What is expected —
The output is the lines below from the one with "Lengths in meters" through the one with "rotation: [roll, pitch, yaw]", both included, printed exactly and with no other line.
== Supplied data ==
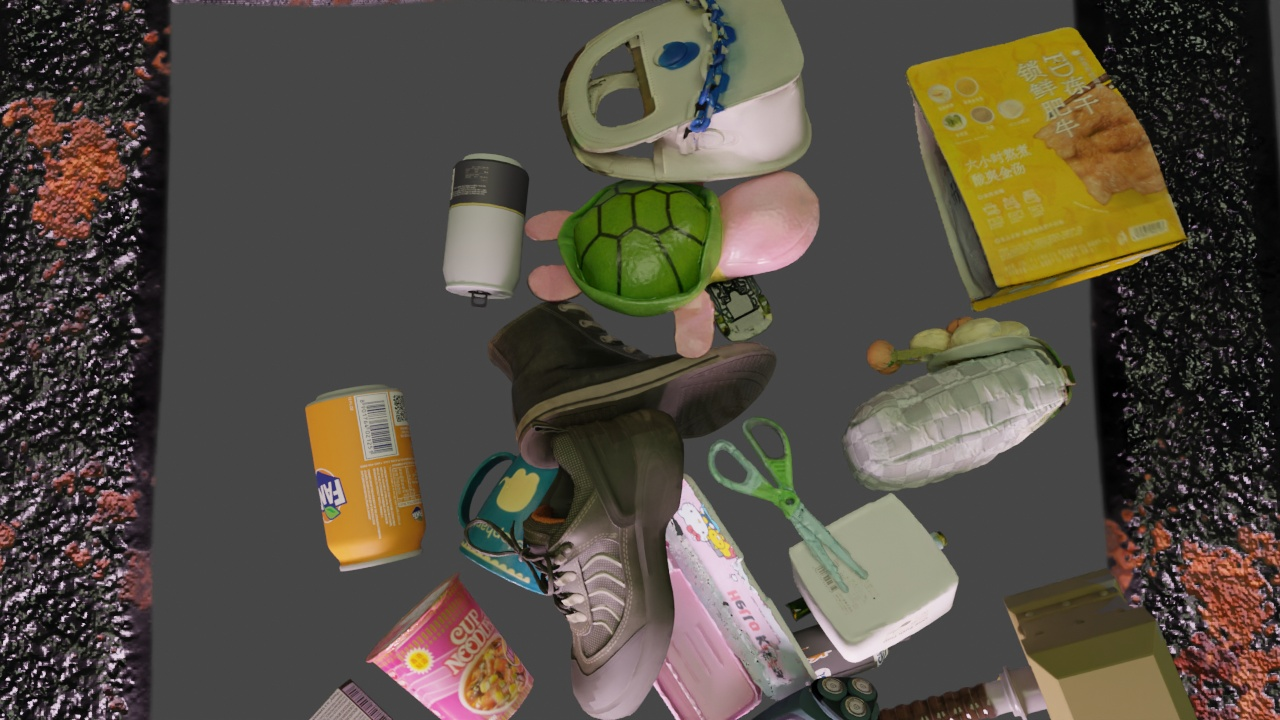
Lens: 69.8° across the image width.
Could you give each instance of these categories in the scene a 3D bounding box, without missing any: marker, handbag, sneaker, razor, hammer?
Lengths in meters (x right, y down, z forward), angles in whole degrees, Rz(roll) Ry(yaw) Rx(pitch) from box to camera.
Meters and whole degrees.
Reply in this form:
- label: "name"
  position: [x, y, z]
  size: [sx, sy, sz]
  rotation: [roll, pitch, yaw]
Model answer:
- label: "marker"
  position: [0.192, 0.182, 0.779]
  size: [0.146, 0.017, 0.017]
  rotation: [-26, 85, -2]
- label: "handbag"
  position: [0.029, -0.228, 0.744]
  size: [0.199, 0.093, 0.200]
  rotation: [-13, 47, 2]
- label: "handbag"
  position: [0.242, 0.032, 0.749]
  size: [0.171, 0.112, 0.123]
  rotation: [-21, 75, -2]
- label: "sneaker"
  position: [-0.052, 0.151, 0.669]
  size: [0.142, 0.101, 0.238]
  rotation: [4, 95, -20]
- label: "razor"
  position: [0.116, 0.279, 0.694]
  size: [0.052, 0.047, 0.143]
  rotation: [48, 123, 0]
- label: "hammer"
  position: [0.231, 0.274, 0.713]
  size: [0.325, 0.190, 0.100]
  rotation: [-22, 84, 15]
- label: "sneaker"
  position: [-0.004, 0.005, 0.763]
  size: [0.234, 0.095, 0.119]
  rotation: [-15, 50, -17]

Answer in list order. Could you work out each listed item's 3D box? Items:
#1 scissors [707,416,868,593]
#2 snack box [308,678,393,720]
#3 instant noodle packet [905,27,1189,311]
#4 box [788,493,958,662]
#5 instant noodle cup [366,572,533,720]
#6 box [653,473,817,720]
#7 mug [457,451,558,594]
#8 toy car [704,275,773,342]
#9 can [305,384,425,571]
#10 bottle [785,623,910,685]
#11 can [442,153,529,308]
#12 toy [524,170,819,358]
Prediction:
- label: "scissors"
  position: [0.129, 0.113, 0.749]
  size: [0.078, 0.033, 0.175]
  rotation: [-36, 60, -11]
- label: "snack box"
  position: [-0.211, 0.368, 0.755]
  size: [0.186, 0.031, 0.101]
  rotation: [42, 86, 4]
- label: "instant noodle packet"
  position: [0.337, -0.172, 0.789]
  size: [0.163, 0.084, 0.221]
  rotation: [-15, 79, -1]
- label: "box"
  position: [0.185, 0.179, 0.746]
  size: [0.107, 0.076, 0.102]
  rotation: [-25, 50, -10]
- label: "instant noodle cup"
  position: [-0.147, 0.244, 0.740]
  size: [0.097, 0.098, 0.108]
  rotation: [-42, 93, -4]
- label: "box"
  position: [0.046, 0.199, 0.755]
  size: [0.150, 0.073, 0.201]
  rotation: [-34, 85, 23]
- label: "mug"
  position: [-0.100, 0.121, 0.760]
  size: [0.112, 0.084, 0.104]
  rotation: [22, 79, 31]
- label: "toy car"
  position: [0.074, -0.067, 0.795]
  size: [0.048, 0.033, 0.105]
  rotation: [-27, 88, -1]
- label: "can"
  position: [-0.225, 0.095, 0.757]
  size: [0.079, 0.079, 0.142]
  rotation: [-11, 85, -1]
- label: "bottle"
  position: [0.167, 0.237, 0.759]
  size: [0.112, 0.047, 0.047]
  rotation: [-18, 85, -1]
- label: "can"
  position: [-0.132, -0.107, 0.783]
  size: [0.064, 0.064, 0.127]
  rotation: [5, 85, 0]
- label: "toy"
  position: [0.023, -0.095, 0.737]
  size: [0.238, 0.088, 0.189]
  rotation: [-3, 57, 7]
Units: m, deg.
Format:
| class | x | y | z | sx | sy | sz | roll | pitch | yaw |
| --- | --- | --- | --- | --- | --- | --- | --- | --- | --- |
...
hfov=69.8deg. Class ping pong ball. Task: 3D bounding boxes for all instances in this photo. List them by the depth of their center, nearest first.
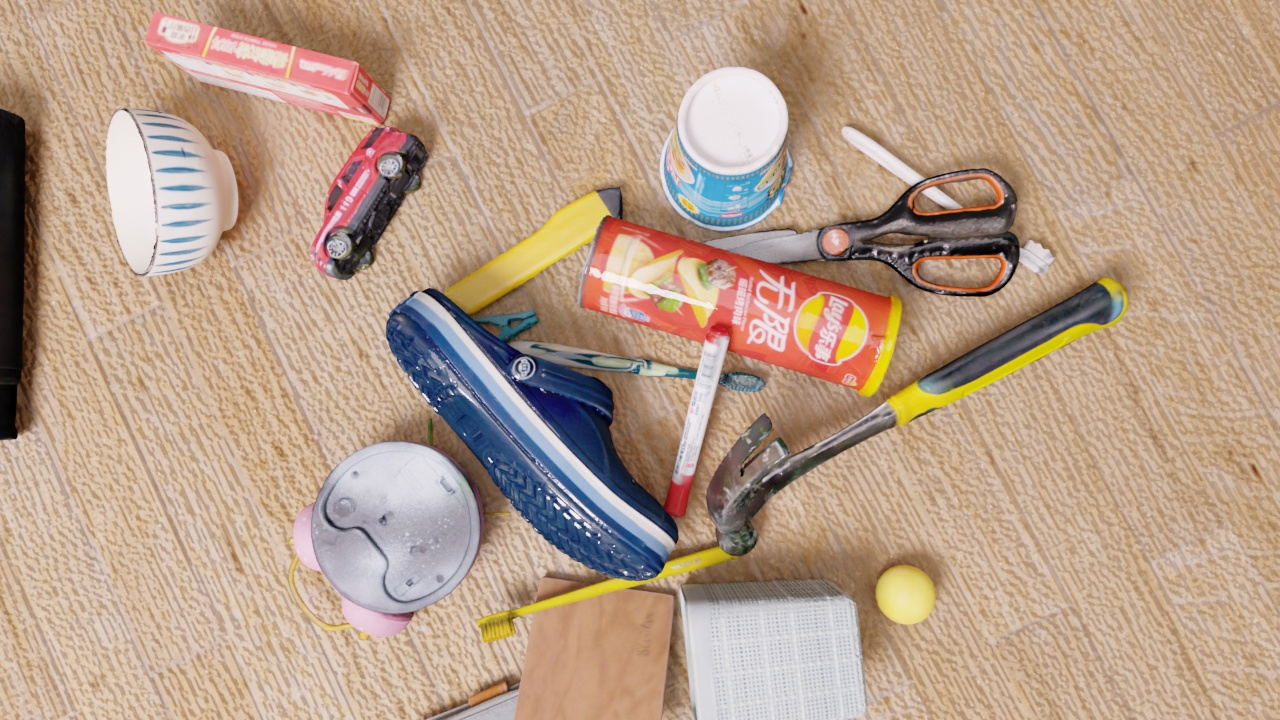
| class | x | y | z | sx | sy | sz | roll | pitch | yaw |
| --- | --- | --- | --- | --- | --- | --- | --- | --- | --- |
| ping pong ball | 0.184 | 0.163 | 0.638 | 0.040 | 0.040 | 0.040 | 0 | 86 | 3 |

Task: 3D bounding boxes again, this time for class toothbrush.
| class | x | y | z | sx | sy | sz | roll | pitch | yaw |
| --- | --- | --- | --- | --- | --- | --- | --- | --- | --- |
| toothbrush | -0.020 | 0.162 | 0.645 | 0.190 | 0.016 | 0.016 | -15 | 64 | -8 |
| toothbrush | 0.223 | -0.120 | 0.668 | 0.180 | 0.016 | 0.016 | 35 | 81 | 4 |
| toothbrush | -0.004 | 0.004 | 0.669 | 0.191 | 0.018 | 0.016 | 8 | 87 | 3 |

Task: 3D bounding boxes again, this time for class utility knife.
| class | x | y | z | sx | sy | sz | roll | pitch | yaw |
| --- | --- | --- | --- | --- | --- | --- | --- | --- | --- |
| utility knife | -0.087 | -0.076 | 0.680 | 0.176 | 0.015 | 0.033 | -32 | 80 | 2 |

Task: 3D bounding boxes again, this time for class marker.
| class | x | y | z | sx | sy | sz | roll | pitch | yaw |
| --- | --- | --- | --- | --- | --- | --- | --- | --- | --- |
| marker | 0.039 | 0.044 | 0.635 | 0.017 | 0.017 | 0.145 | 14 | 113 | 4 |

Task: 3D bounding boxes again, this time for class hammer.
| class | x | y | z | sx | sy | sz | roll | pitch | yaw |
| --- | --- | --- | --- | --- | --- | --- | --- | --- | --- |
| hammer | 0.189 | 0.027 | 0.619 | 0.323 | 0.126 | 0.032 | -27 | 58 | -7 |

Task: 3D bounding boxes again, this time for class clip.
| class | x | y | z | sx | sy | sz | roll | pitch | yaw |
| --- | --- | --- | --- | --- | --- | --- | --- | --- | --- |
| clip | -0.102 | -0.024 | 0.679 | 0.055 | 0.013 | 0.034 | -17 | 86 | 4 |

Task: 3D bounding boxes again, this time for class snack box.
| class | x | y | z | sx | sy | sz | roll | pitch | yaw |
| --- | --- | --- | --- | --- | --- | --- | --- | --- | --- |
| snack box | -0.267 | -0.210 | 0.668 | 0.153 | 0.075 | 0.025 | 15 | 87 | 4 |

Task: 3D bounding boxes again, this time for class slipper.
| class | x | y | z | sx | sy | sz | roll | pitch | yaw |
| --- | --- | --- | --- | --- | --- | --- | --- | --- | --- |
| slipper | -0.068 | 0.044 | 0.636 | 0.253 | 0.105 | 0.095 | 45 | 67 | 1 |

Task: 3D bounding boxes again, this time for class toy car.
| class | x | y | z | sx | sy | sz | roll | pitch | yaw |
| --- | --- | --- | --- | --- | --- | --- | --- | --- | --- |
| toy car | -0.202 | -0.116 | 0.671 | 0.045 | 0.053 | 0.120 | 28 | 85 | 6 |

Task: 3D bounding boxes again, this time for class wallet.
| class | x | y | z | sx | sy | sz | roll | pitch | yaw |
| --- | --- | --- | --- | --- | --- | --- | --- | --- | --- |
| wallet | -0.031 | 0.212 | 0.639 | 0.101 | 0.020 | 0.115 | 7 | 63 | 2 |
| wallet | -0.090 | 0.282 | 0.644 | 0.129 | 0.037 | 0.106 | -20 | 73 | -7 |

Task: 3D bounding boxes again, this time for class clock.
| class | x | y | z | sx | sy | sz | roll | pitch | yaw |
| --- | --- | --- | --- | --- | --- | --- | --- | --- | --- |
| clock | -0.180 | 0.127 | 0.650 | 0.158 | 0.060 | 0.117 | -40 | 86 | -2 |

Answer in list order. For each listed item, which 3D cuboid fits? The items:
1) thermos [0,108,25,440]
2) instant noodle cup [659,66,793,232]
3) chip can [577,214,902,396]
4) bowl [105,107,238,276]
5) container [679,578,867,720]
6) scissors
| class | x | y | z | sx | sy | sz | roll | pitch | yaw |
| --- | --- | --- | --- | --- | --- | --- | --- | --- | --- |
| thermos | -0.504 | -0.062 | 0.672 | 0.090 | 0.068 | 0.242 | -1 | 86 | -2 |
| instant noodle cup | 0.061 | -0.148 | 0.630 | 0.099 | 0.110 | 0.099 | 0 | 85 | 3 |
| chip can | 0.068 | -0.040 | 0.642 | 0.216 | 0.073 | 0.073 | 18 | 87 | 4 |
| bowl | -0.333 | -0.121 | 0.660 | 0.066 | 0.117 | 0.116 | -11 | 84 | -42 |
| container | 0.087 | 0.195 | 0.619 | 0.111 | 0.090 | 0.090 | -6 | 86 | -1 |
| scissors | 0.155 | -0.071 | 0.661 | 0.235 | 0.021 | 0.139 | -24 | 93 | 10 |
===
Exercise output —
Lengths in meters (x right, y down, z forward), angles in whole degrees, Rz(roll) Ry(yaw) Rx(pitch) from box to camera.
Meters and whole degrees.
Reply in this form:
- label: "name"
  position: [x, y, z]
  size: [sx, sy, sz]
  rotation: [roll, pitch, yaw]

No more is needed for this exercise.